◆ Stored entries ◆
________

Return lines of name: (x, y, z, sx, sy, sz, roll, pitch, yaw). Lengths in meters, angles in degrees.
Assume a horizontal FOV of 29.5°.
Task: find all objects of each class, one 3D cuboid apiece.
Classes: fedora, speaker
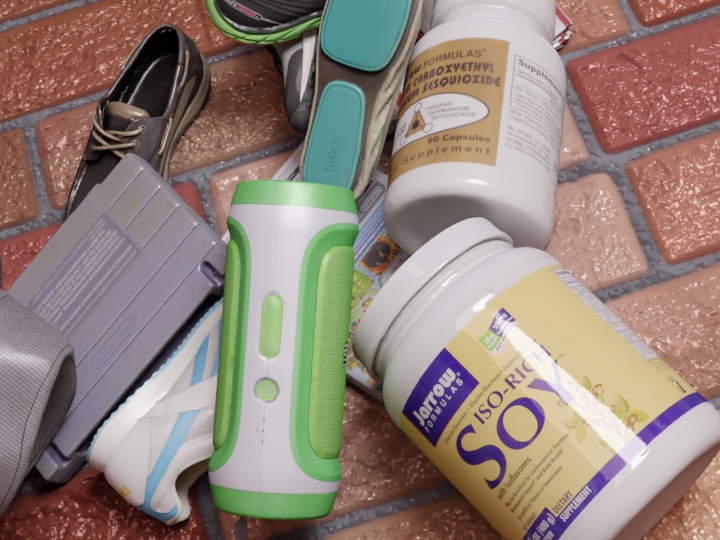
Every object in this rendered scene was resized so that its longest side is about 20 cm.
fedora: (-0.237, 0.087, 0.864, 0.090, 0.177, 0.201, 23, 110, -1)
speaker: (-0.047, 0.048, 0.844, 0.088, 0.088, 0.201, 4, 88, 11)

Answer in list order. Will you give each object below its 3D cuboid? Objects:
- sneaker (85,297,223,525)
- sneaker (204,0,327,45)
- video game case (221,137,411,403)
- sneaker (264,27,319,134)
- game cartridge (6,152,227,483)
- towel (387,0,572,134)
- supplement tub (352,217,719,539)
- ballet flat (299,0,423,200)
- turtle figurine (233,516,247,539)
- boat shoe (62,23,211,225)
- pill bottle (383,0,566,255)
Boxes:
sneaker: (-0.089, 0.078, 0.917, 0.081, 0.077, 0.200, 41, 86, 10)
sneaker: (-0.013, -0.220, 0.950, 0.199, 0.084, 0.077, -23, 56, -11)
video game case: (0.000, 0.000, 0.976, 0.200, 0.018, 0.143, 31, 71, 22)
sneaker: (-0.051, -0.179, 1.030, 0.079, 0.074, 0.201, -14, 53, 12)
game cartridge: (-0.183, 0.031, 0.948, 0.200, 0.038, 0.130, -48, 61, 6)
towel: (0.046, -0.187, 1.065, 0.199, 0.023, 0.144, -28, 61, -7)
supplement tub: (0.105, 0.078, 0.839, 0.145, 0.146, 0.200, -41, 69, -13)
ballet flat: (0.002, -0.140, 0.946, 0.067, 0.062, 0.201, 24, 113, 14)
turtle figurine: (-0.066, 0.257, 0.784, 0.194, 0.200, 0.144, -51, 32, -13)
boat shoe: (-0.177, -0.101, 1.024, 0.074, 0.073, 0.201, 12, 66, 15)
pill bottle: (0.084, -0.110, 0.947, 0.114, 0.114, 0.201, 4, 61, 11)
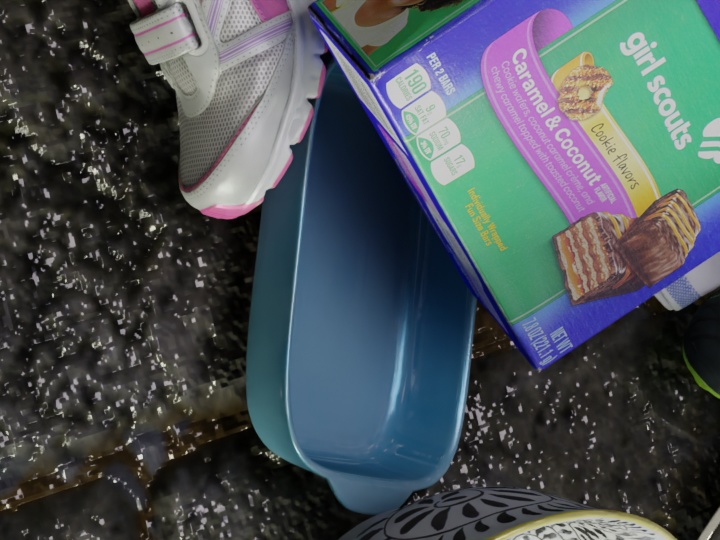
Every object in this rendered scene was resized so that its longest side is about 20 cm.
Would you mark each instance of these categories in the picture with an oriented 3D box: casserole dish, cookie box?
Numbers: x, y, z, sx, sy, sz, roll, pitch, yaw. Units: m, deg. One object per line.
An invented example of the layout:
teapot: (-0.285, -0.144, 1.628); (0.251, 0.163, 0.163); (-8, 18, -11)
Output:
casserole dish: (0.000, 0.000, 0.955); (0.121, 0.039, 0.200); (14, 78, -50)
cookie box: (0.108, -0.084, 0.911); (0.200, 0.075, 0.171); (-34, 128, -2)

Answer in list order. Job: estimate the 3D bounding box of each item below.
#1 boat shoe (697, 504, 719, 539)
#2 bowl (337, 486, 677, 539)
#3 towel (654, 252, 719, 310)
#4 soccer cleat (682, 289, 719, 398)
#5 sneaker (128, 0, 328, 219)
boat shoe: (0.242, 0.078, 1.076); (0.200, 0.067, 0.057); (-42, 67, -9)
bowl: (0.031, 0.156, 0.926); (0.201, 0.094, 0.201); (-20, 129, -27)
towel: (0.178, -0.076, 1.022); (0.147, 0.200, 0.024); (48, 23, -23)
soccer cleat: (0.225, 0.006, 1.082); (0.200, 0.081, 0.068); (-22, 60, -41)
sneaker: (-0.070, -0.119, 0.916); (0.088, 0.081, 0.200); (2, 79, -29)
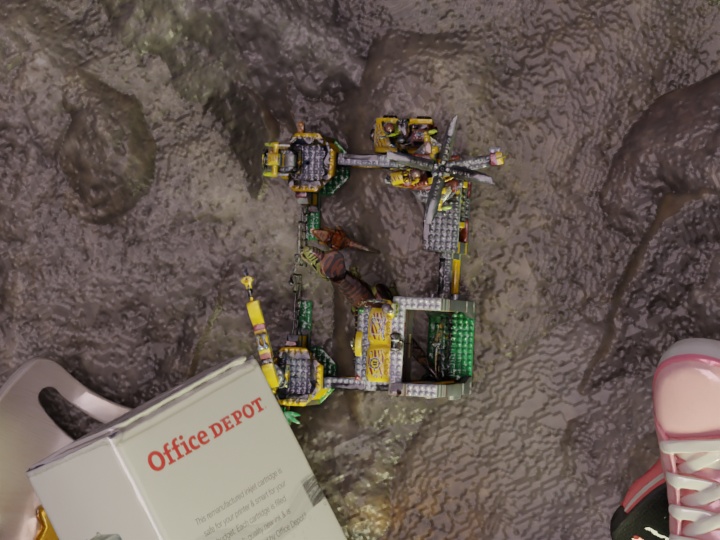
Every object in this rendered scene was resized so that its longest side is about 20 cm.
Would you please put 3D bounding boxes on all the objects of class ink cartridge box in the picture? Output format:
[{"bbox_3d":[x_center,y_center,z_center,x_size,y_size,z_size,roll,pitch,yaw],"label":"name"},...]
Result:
[{"bbox_3d":[-0.085,0.168,1.394,0.085,0.146,0.200,-24,92,37],"label":"ink cartridge box"}]

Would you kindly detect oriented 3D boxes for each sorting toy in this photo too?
[{"bbox_3d":[-0.181,0.155,1.468,0.200,0.107,0.180,23,79,-5],"label":"sorting toy"}]

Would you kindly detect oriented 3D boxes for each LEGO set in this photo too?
[{"bbox_3d":[0.000,0.000,1.411,0.154,0.116,0.200,11,91,14],"label":"LEGO set"}]

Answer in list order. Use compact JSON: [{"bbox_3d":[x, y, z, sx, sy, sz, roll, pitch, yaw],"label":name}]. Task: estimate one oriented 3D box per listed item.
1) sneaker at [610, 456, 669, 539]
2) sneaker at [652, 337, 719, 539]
[{"bbox_3d":[0.224,0.096,1.384,0.074,0.087,0.200,34,119,-18],"label":"sneaker"},{"bbox_3d":[0.200,0.142,1.294,0.075,0.105,0.200,-4,119,29],"label":"sneaker"}]
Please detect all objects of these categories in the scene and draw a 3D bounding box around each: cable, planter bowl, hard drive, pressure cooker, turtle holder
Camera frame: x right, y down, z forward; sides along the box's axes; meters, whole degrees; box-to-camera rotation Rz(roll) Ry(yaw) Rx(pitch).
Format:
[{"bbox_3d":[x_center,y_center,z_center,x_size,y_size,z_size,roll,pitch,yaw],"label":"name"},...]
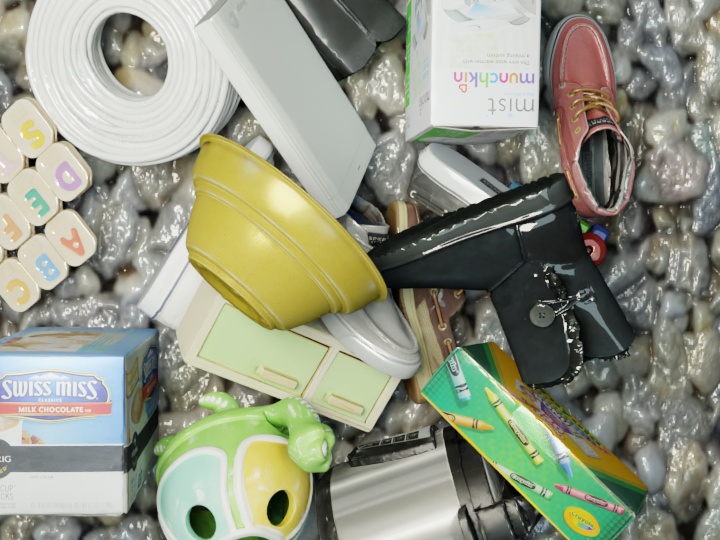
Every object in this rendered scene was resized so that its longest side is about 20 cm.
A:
[{"bbox_3d":[-0.202,-0.195,0.875,0.198,0.069,0.202,-1,109,12],"label":"cable"},{"bbox_3d":[-0.080,-0.011,0.791,0.200,0.200,0.084,41,77,-6],"label":"planter bowl"},{"bbox_3d":[-0.059,-0.158,0.864,0.026,0.132,0.201,-21,117,28],"label":"hard drive"},{"bbox_3d":[0.076,0.237,0.903,0.199,0.176,0.179,-20,127,8],"label":"pressure cooker"},{"bbox_3d":[-0.096,0.197,0.885,0.184,0.132,0.141,-20,133,4],"label":"turtle holder"}]

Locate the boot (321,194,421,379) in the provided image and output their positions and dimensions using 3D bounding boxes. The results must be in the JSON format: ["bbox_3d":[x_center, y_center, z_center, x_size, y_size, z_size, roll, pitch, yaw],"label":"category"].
[{"bbox_3d":[0.000,0.000,0.898,0.200,0.073,0.096,46,120,21],"label":"boot"}]

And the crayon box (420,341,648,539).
[{"bbox_3d":[0.156,0.152,0.867,0.200,0.119,0.058,44,103,17],"label":"crayon box"}]

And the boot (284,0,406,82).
[{"bbox_3d":[-0.025,-0.303,0.921,0.165,0.066,0.200,-44,97,-9],"label":"boot"}]

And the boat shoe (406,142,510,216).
[{"bbox_3d":[0.122,-0.036,0.904,0.200,0.070,0.066,39,119,15],"label":"boat shoe"}]

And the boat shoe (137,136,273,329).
[{"bbox_3d":[-0.132,-0.032,0.929,0.065,0.074,0.201,33,100,-14],"label":"boat shoe"}]

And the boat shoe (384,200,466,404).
[{"bbox_3d":[0.067,0.028,0.953,0.071,0.072,0.202,-11,99,-11],"label":"boat shoe"}]

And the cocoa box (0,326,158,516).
[{"bbox_3d":[-0.255,0.124,0.865,0.132,0.200,0.132,1,93,-4],"label":"cocoa box"}]

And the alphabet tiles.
[{"bbox_3d":[-0.342,-0.065,0.904,0.199,0.015,0.196,-35,96,20],"label":"alphabet tiles"}]

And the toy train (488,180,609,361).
[{"bbox_3d":[0.145,0.020,0.956,0.115,0.085,0.201,34,95,8],"label":"toy train"}]

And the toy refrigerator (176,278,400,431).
[{"bbox_3d":[-0.063,0.076,0.907,0.199,0.070,0.076,25,102,-25],"label":"toy refrigerator"}]

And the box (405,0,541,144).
[{"bbox_3d":[0.097,-0.206,0.872,0.096,0.200,0.178,1,95,-4],"label":"box"}]

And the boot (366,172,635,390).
[{"bbox_3d":[0.115,0.028,0.833,0.199,0.076,0.169,-20,101,17],"label":"boot"}]

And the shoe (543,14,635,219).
[{"bbox_3d":[0.224,-0.149,0.939,0.071,0.091,0.202,-4,94,-4],"label":"shoe"}]
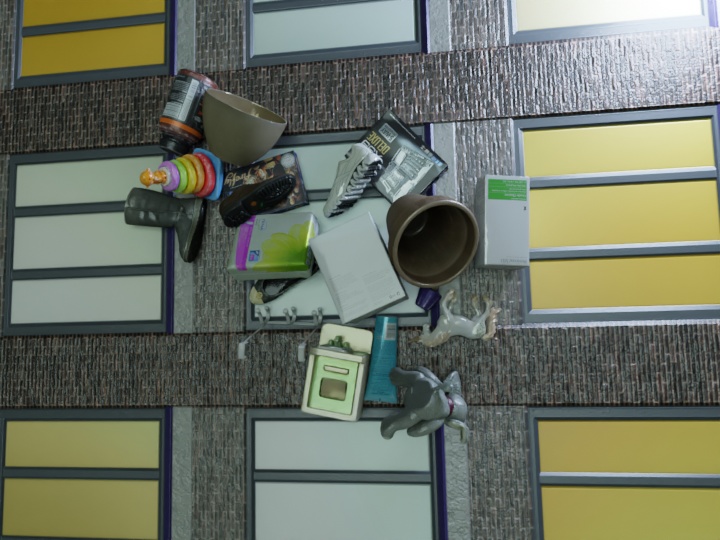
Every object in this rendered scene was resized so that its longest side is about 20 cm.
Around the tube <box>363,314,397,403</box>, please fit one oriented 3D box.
[{"bbox_3d":[0.054,0.205,1.298,0.077,0.050,0.202,5,89,4],"label":"tube"}]

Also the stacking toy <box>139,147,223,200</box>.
[{"bbox_3d":[-0.433,-0.221,1.318,0.109,0.199,0.117,23,115,30],"label":"stacking toy"}]

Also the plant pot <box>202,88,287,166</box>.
[{"bbox_3d":[-0.293,-0.330,1.337,0.199,0.200,0.135,29,109,9],"label":"plant pot"}]

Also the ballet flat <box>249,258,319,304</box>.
[{"bbox_3d":[-0.184,0.018,1.339,0.199,0.057,0.067,-33,98,4],"label":"ballet flat"}]

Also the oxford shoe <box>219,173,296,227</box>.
[{"bbox_3d":[-0.248,-0.186,1.329,0.199,0.073,0.085,-28,51,-9],"label":"oxford shoe"}]

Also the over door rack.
[{"bbox_3d":[-0.174,0.128,1.260,0.146,0.200,0.067,1,111,8],"label":"over door rack"}]

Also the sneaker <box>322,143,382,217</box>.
[{"bbox_3d":[-0.031,-0.208,1.315,0.081,0.075,0.200,49,119,17],"label":"sneaker"}]

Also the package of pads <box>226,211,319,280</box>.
[{"bbox_3d":[-0.201,-0.059,1.316,0.198,0.068,0.156,-2,59,13],"label":"package of pads"}]

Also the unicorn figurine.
[{"bbox_3d":[0.215,0.115,1.268,0.198,0.074,0.139,10,85,9],"label":"unicorn figurine"}]

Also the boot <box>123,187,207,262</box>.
[{"bbox_3d":[-0.493,-0.115,1.392,0.198,0.073,0.183,7,72,2],"label":"boot"}]

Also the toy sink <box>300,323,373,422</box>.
[{"bbox_3d":[-0.050,0.227,1.275,0.129,0.112,0.202,9,86,8],"label":"toy sink"}]

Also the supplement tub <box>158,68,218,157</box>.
[{"bbox_3d":[-0.434,-0.387,1.393,0.106,0.107,0.201,19,88,9],"label":"supplement tub"}]

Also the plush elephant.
[{"bbox_3d":[0.164,0.298,1.228,0.199,0.155,0.166,-22,43,32],"label":"plush elephant"}]

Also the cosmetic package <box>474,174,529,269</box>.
[{"bbox_3d":[0.319,-0.106,1.265,0.107,0.085,0.202,1,84,-4],"label":"cosmetic package"}]

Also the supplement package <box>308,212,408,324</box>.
[{"bbox_3d":[0.000,0.000,1.271,0.151,0.151,0.201,-24,82,6],"label":"supplement package"}]

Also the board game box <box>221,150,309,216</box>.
[{"bbox_3d":[-0.238,-0.200,1.382,0.198,0.035,0.137,-17,83,6],"label":"board game box"}]

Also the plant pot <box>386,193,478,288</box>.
[{"bbox_3d":[0.134,-0.090,1.235,0.199,0.175,0.202,-9,120,-15],"label":"plant pot"}]

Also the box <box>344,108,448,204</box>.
[{"bbox_3d":[0.085,-0.258,1.335,0.158,0.050,0.200,-44,81,3],"label":"box"}]

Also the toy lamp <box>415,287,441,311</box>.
[{"bbox_3d":[0.191,0.001,1.292,0.058,0.058,0.201,29,89,10],"label":"toy lamp"}]
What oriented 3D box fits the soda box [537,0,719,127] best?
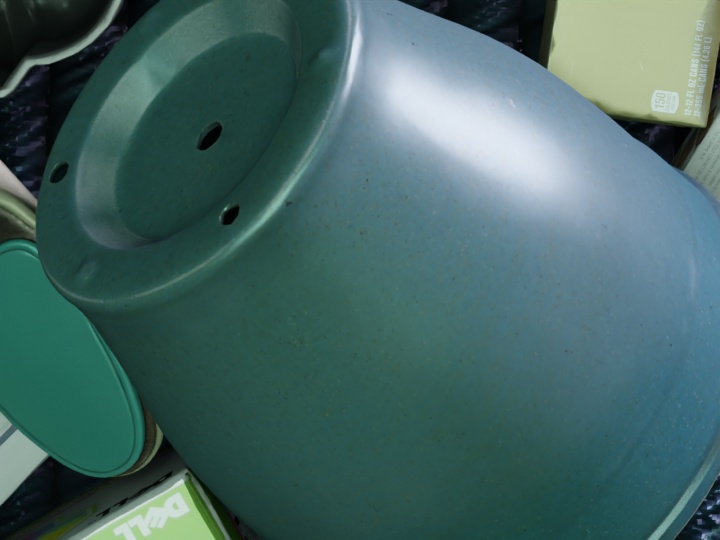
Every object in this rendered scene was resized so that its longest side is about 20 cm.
[{"bbox_3d":[0.110,-0.157,0.812,0.063,0.068,0.202,7,95,1],"label":"soda box"}]

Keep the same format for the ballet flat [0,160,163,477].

________

Copy exactly the stretch of data above from the line with "- game cartridge (6,152,227,483)" through the line with "- pill bottle (383,0,566,255)", and omit all other lines.

◆ Task response ◆
- game cartridge (6,152,227,483)
- towel (387,0,572,134)
- supplement tub (352,217,719,539)
- ballet flat (299,0,423,200)
- turtle figurine (233,516,247,539)
- boat shoe (62,23,211,225)
- pill bottle (383,0,566,255)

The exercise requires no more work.